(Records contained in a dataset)
****
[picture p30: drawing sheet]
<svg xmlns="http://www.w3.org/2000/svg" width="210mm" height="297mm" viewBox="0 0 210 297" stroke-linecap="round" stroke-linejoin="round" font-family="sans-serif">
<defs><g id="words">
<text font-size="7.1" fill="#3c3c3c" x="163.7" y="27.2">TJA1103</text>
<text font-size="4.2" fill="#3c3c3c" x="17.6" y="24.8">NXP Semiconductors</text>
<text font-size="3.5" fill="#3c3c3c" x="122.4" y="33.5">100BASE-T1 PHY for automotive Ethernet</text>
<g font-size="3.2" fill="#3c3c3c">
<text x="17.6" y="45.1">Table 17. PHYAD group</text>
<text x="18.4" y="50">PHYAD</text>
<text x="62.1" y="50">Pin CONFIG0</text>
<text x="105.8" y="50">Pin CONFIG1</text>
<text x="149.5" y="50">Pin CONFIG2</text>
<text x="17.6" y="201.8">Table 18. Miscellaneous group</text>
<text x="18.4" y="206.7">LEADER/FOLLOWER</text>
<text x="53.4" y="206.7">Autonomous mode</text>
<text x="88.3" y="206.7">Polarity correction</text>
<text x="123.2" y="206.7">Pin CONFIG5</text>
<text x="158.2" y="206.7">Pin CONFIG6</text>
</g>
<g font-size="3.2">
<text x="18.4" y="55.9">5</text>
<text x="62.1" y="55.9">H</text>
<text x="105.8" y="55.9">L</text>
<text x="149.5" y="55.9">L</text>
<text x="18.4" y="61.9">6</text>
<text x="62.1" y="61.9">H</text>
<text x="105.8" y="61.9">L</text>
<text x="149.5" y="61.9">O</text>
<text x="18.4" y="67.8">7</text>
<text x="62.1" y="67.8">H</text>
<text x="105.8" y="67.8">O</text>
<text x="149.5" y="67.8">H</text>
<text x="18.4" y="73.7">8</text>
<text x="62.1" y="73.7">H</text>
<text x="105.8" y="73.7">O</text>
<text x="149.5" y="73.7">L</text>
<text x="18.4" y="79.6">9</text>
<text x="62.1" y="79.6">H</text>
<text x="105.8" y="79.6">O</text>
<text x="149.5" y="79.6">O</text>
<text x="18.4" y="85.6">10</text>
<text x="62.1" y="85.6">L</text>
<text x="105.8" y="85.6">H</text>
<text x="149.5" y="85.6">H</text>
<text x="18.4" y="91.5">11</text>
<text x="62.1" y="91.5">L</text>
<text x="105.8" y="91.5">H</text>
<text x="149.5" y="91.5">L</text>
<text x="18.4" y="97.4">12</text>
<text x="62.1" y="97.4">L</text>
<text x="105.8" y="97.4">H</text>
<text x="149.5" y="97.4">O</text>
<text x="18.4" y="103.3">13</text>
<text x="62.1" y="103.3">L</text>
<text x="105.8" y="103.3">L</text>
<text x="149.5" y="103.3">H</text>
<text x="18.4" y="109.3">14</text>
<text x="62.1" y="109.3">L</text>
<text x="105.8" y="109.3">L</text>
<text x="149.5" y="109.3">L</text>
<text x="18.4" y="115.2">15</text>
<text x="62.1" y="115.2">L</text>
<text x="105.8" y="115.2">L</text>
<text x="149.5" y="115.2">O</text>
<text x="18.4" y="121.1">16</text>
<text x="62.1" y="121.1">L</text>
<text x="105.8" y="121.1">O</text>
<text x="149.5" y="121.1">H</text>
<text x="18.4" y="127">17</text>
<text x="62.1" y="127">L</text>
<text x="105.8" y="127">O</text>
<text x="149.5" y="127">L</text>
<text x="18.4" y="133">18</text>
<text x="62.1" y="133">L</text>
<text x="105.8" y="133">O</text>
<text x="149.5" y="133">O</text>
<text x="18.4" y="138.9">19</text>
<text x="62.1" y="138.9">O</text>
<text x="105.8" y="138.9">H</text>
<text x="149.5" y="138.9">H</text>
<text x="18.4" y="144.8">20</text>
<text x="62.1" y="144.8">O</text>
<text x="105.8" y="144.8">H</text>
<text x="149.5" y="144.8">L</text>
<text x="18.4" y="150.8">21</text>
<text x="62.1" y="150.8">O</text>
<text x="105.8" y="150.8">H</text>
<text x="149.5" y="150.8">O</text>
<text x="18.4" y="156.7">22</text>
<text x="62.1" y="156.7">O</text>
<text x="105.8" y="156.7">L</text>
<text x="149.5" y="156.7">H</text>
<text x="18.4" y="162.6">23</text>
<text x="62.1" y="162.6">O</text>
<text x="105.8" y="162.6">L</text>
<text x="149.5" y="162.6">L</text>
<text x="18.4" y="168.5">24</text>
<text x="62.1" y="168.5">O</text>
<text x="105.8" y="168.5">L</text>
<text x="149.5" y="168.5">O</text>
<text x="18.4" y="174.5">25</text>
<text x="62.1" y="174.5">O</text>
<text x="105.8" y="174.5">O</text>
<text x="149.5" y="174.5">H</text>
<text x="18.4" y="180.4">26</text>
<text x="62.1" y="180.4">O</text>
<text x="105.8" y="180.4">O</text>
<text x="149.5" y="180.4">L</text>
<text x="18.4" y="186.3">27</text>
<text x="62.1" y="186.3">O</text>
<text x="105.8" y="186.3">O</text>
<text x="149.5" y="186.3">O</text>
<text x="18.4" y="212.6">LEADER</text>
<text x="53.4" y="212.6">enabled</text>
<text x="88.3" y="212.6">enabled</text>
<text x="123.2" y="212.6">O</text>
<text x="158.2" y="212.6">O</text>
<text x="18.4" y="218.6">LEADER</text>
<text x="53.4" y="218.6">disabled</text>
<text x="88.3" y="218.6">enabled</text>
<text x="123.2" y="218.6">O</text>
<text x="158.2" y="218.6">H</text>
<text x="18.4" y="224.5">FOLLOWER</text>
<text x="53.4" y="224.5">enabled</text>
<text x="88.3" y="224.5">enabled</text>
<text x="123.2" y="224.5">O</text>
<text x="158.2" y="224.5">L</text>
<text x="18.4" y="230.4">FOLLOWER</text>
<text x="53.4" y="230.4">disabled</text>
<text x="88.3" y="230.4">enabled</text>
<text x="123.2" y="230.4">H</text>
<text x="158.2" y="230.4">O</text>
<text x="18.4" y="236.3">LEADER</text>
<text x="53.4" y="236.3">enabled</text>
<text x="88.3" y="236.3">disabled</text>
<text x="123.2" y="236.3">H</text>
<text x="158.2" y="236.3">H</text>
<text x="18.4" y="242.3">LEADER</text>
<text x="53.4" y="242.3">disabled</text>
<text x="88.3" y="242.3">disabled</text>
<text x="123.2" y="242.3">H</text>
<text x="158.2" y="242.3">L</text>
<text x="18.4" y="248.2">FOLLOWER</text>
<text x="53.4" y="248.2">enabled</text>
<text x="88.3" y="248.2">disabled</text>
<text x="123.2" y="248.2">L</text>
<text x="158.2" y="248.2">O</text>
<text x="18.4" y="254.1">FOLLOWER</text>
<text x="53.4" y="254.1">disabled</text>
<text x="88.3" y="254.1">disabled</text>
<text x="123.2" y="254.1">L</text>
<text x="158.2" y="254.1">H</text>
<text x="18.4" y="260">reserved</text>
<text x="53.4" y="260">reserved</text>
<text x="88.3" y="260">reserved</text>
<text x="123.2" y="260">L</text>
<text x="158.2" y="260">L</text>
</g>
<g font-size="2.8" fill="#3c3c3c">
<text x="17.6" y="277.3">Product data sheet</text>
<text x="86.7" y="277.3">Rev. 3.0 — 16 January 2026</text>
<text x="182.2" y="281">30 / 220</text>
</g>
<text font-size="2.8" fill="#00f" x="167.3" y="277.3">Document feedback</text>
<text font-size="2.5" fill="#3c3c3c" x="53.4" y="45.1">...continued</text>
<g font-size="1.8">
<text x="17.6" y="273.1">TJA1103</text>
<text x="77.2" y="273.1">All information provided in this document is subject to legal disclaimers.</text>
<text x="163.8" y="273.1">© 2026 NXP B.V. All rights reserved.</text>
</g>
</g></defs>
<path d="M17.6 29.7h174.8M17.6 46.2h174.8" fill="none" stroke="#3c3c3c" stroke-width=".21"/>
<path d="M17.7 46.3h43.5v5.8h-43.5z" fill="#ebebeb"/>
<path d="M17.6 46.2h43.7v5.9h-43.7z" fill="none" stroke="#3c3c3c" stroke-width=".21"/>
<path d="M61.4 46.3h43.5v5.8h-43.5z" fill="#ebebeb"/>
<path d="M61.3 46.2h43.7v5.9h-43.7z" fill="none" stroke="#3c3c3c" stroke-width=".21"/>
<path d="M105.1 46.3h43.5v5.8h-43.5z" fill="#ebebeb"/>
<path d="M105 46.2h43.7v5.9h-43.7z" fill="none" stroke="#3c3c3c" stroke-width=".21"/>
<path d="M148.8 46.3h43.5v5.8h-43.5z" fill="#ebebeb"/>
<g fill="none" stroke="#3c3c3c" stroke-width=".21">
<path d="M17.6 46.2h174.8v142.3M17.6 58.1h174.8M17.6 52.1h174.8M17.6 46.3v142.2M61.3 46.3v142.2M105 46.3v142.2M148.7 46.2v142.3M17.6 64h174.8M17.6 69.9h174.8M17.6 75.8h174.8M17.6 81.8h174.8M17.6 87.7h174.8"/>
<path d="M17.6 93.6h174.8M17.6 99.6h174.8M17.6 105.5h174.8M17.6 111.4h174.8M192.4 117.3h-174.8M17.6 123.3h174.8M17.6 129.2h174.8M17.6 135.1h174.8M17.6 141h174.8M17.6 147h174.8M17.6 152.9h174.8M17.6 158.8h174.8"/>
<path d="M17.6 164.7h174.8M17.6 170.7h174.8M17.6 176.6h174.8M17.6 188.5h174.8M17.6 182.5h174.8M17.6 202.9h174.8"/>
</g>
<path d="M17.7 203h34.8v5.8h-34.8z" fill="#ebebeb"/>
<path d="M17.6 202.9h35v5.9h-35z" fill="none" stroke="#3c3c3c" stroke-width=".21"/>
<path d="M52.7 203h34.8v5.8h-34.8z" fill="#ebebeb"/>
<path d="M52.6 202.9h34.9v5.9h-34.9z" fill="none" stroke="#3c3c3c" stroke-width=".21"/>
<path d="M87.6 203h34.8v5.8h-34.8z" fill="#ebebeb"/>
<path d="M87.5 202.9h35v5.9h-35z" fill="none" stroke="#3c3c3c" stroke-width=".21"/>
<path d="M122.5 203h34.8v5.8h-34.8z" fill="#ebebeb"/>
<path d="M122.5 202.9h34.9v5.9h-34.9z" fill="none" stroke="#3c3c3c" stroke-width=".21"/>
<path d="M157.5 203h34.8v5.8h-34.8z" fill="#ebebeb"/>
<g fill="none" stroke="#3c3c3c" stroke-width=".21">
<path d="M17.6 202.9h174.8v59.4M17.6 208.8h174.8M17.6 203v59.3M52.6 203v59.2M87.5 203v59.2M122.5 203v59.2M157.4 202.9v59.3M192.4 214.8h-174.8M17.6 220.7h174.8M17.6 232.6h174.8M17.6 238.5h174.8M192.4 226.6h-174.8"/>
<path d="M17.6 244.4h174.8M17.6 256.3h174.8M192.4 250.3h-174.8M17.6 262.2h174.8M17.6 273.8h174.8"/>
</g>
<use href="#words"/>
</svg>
****
* [THE TASK]:
State how many lines above contain the word "reserved", and nothing more.

* [ANSWER BOX]:
4